School of EECS, Washington State University, 355 NE Spokane St, Pullman, 99164, USA.
Paul G. Allen School for Global Animal Health, Washington State University, Pullman, 99164, USA.
BMC Bioinformatics. 2018 Mar 5;19(1):83. doi: 10.1186/s12859-018-2080-y.
Clustering of protein sequences is of key importance in predicting the structure and function of newly sequenced proteins and is also of use for their annotation. With the advent of multiple high-throughput sequencing technologies, new protein sequences are becoming available at an extraordinary rate. The rapid growth rate has impeded deployment of existing protein clustering/annotation tools which depend largely on pairwise sequence alignment.
In this paper, we propose an alignment-free clustering approach, coreClust, for annotating protein sequences using detected conserved regions. The proposed algorithm uses Min-Wise Independent Hashing for identifying similar conserved regions.
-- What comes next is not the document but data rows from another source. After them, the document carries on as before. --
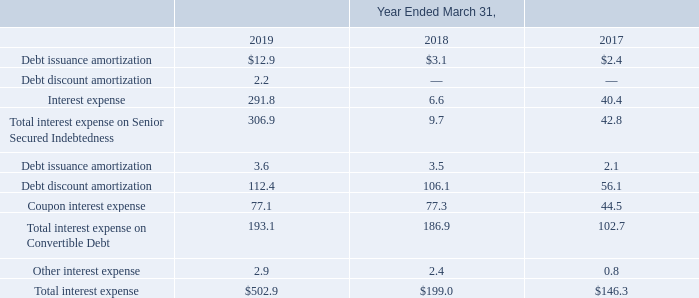Interest expense includes the following (in millions):
The remaining period over which the unamortized debt discount will be recognized as non-cash interest expense is 7.88 years, 5.88 years, and 17.88 years for the 2017 Senior Convertible Debt, 2015 Senior Convertible Debt and 2017 Junior Convertible Debt, respectively.
In November 2017, the Company called for redemption $14.6 million in principal value of the remaining outstanding 2007 Junior Subordinated Convertible Debt (2007 Junior Convertible Debt) with an effective redemption date of December 15, 2017 for which substantially all holders submitted requests to convert. Prior to the call, conversion requests were received in both the second and third quarters of fiscal 2018. Total conversions for fiscal 2018 were for a principal amount of $32.5 million for which the Company settled the principal amount in cash and issued 0.5 million shares of its common stock in respect of the conversion value in excess of the principal amount for the conversions occurring prior to the redemption notice and $41.0  of redemption. A loss on total conversions was recorded for $2.2 million.
In June 2017, the Company exchanged, in privately negotiated transactions, $111.3 million aggregate principal amount of its 2007 Junior Convertible Debt for (i) $111.3 million principal amount of 2017 Junior Convertible Debt with a market value of $119.3 million plus (ii) the issuance of 3.2 million shares of the Company's common stock with a value of $254.6 million, of which $56.3 million was allocated to the fair value of the liability and $321.1 million was allocated to the reacquisition of the equity component for total consideration of $374.0 million. The transaction resulted in a loss on settlement of the 2007 Junior Convertible Debt of approximately $13.8 million, which represented the difference between the fair value of the liability component at time of repurchase and the sum of the carrying values of the debt component and any unamortized debt issuance costs. The debt discount on the new 2017 Junior Convertible Debt was the difference between the par value and the fair value of the debt resulting in a debt discount of $55.1 million which will be amortized to interest expense using the effective interest method over the term of the debt.
In February 2017, the Company issued the 2017 Senior Convertible Debt and 2017 Junior Convertible Debt for net proceeds of $2.04 billion and $567.7 million, respectively. In connection with the issuance of these instruments, the Company incurred issuance costs of $33.7 million, of which $17.8 million and $3.4 million was recorded as convertible debt issuance costs related to the 2017 Senior Convertible Debt and 2017 Junior Convertible Debt, respectively, and will be amortized using the effective interest method over the term of the debt. The balance of $12.5 million in fees was recorded to equity. Interest on both instruments is payable semi-annually on February 15 and August 15 of each year.
In February 2015, the Company issued the 2015 Senior Convertible Debt for net proceeds of approximately $1.69 billion. In connection with the issuance, the Company incurred issuance costs of $30.3 million, of which $20.4 million was recorded as debt issuance costs and will be amortized using the effective interest method over the term of the debt. The balance of $9.9 million was recorded to equity.
The Company utilized the proceeds from the issuances of the 2017 Senior Convertible Debt, 2017 Junior Convertible Debt, and 2015 Senior Convertible Debt to reduce amounts borrowed under its Credit Facility and to settle a portion of the 2007 Junior Convertible Debt in privately negotiated transactions. In February 2017 and February 2015, the Company settled $431.3 million and $575.0 million, respectively, in aggregate principal of its 2007 Junior Convertible Debt. The February 2015 repurchase consisted solely of cash. In February 2017, the Company used cash of $431.3 million and an aggregate of 12.0 million in shares of the Company's common stock valued at $862.7 million for total consideration of $1.29 billion to repurchase $431.3 million of the 2007 Junior Convertible Debt, of which $188.0 million was allocated to the liability component and $1.11 billion was allocated to the equity component. In addition, in February 2017, there was an inducement fee of $5.0 million which was recorded in the consolidated statements of income in loss on settlement of debt. The consideration transferred in February 2015 was $1.13 billion, of which $238.3 million was allocated to the liability component and $896.3 million was allocated to the equity component. In the case of both settlements of the 2007 Junior Convertible Debt, the consideration was allocated to the liability and equity components using the equivalent rate that reflected the borrowing rate for a similar nonconvertible debt prior to the retirement. The transactions resulted in a loss on settlement of debt of approximately $43.9 million and $50.6 million in fiscal 2017 and fiscal 2015, respectively, which represented, in each case, the difference between the fair value of the liability component at time of repurchase and the sum of the carrying values of the debt component and any unamortized debt issuance costs.
What was the remaining period over which the unamortized debt discount will be recognized as non-cash interest expense for the 2017 Senior Convertible Debt? 7.88 years. What was the Debt issuance amortization in 2018?
Answer scale should be: million. 3.1. Which years does the table provide information for the company's interest expense? 2019, 2018, 2017. What was the change in Other interest expense between 2017 and 2018?
Answer scale should be: million. 2.4-0.8
Answer: 1.6. How many years did Debt discount amortization exceed $100 million? 2019##2018
Answer: 2. What was the percentage change in total interest expense between 2018 and 2019?
Answer scale should be: percent. (502.9-199.0)/199.0
Answer: 152.71.

Min-Wise Independent Hashing works by generating a (w,c)-sketch for each document and comparing these sketches. Our algorithm fits well within the MapReduce framework, permitting scalability. We show that coreClust generates results comparable to existing known methods. In particular, we show that the clusters generated by our algorithm capture the subfamilies of the Pfam domain families for which the sequences in a cluster have a similar domain architecture. We show that for a data set of 90,000 sequences (about 250,000 domain regions), the clusters generated by our algorithm give a 75% average weighted F1 score, our accuracy metric, when compared to the clusters generated by a semi-exhaustive pairwise alignment algorithm.
The new clustering algorithm can be used to generate meaningful clusters of conserved regions. It is a scalable method that when paired with our prior work, NADDA for detecting conserved regions, provides a complete end-to-end pipeline for annotating protein sequences.
蛋白质序列聚类对于预测新测序蛋白质的结构和功能至关重要,对其注释也很有用。随着多种高通量测序技术的出现,新的蛋白质序列正以前所未有的速度出现。快速的增长率阻碍了现有蛋白质聚类/注释工具的部署,这些工具在很大程度上依赖于两两序列比对。
在本文中,我们提出了一种基于无比对聚类方法 coreClust,用于使用检测到的保守区域注释蛋白质序列。所提出的算法使用 Min-Wise Independent Hashing 来识别相似的保守区域。Min-Wise Independent Hashing 通过为每个文档生成一个(w,c)-sketch 并比较这些 sketch 来工作。我们的算法非常适合 MapReduce 框架,具有可扩展性。我们表明 coreClust 生成的结果可与现有已知方法相媲美。特别是,我们表明该算法生成的簇捕获了 Pfam 结构域家族的亚家族,其中簇中的序列具有相似的结构域架构。我们表明,对于 90000 个序列(约 250000 个结构域区域)的数据集,与基于半穷举两两比对算法生成的簇相比,我们算法生成的簇的平均加权 F1 分数为 75%,这是我们的准确性度量。
新的聚类算法可用于生成有意义的保守区域簇。它是一种可扩展的方法,与我们之前的 NADDA 检测保守区域的工作相结合,为注释蛋白质序列提供了一个完整的端到端管道。